"Bila sudah takdirnya, yang seharusnya bertemu akan bertemu, yang seharusnya terpisah akan terpisah, sejauh atau sedekat apapun jaraknya."
----------
Aku masuk ke kamar. Lalu duduk di tepi ranjang dengan sebatang coklat yang masih ditanganku. Aku melihat coklat itu. Tidak berniat membuka atau memakannya.
Kling!
Satu pesan masuk. Aku mengambil ponsel dan membuka pesan itu. Ah-- ternyata dari Fatur.
Faturahman
Buka coklatnya.
Itu kata Fatur. Akhirnya aku membuka coklat itu. Pertama, aku membuka bungkus paling luar.
Hm? Tunggu. Ada sebuah kertas?
Dengan rasa penasaran, aku membuka kertas itu.
Assalamualaikum, Bidadari.
Aku mau bilang ini sama kamu.
Maaf selama ini aku selalu buat kamu kesal atau marah-marah.
Maaf kalau aku sebagai calon suami kamu nggak sesuai dengan ekspetasi kamu.
Aku banyak kekurangan, yaa mungkin dengan kelebihan yang ada di diri kamu, aku bisa mengisi kekurangan itu.
Maaf ya, InsyaAllah aku bisa berubah menjadi lebih baik. Bantu aku agar bisa berubah. Aku juga akan bantu kamu.
Pipiku basah. Ya, aku menangis. Apa yang telah aku lakukan sampai Fatur minta maaf seperti ini? Apa aku sudah terlalu egois? Sekarang, aku harus menemui Fatur. Aku segera menghubungi Fatur.
Drttt... Drttt...
Setelah tersambung, aku langsung berbicara, "Assalamualaikum, Fatur."
"Waalaikumsalam.
Kenapa, Nis?" Tanya Fatur di seberang sana.

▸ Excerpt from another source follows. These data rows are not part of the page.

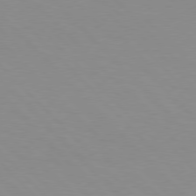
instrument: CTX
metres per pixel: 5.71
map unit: Hpe
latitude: 77.2726
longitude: -160.0633
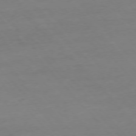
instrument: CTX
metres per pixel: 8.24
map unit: Ap
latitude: -76.5196
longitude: -80.8380
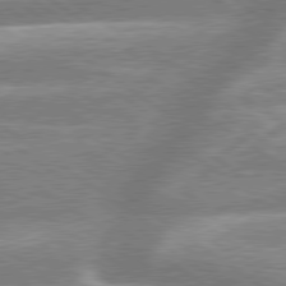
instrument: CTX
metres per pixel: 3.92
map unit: lApd
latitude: 79.3860
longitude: -159.2915
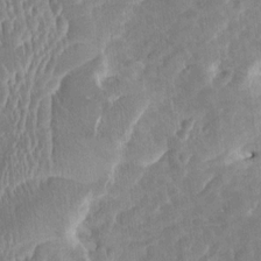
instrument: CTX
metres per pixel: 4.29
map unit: HNhu
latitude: 4.8947
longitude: -6.3845
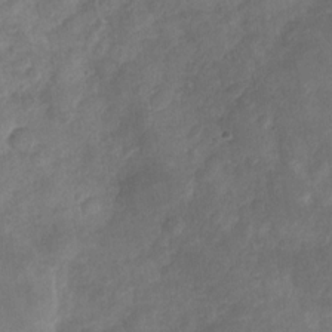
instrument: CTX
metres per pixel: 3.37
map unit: Nhu
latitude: -29.3132
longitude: -63.1026
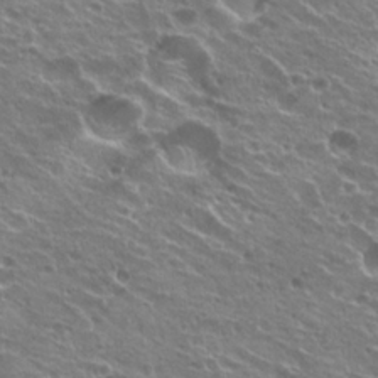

"Aku mau ketemu. Sekarang kamu dimana?" Tanyaku
"Aku dijalan, mau pulang ke rumah," katanya.
"Kamu putar balik sekarang, kamu pergi ke taman dekat rumah aku. Aku tunggu kamu disana."
"Ada apa?" Tanyanya, alih-alih berkata iya.
"Nggak apa-apa, aku mau ketemu aja."
"Anisa? Kamu nangis?"
Ah, aku ketahuan. Apa Fatur bisa membaca pikiranku?
"Ah-- ng-ngga kok."
"Ya udah aku putar balik sekarang."
"Aku tunggu, makasih."
"Iya, aku tutup ya. Assalamualaikum."
"Waalaikumsalam."
Aku mematikan ponselku dan menaruhnya di atas ranjang. Selanjutnya aku berlari keluar rumah. Aku melewati Bunda, Ayah, dan Hana yang sedang serius menonton televisi.
"Kak!" Teriak bunda.
Aku tetap berlari. Seperti ada yang menyumbat telingaku dengan sesuatu, jadi aku berasa di buat tuli.
"Kakak, mau kemana?" Teriak bunda.
"Sudahlah, Bun. Mungkin Anisa lagi buru-buru," kata ayah.
"Tapi, Yah. Dia nggak pamit dulu sama kita. Bunda takut kenapa-kenapa."
"Kan ada Allah."
Aku terus berlari dan berlari. Aku tidak sadar bahwa aku berlari tanpa alas kaki. Kakiku sudah terasa perih karena menginjak beberapa batu yang tajam.
Akhirnya aku sampai ditaman itu. Sepi. Tidak ada siapa-siapa. Kemana semua orang? Biasanya jam segini taman ini ramai.
Aku duduk di kursi taman itu dengan napas tersegal. Aku melihat kakiku yang sudah berlumuran darah. Entah kapan darah ini keluar, aku pun tidak tahu.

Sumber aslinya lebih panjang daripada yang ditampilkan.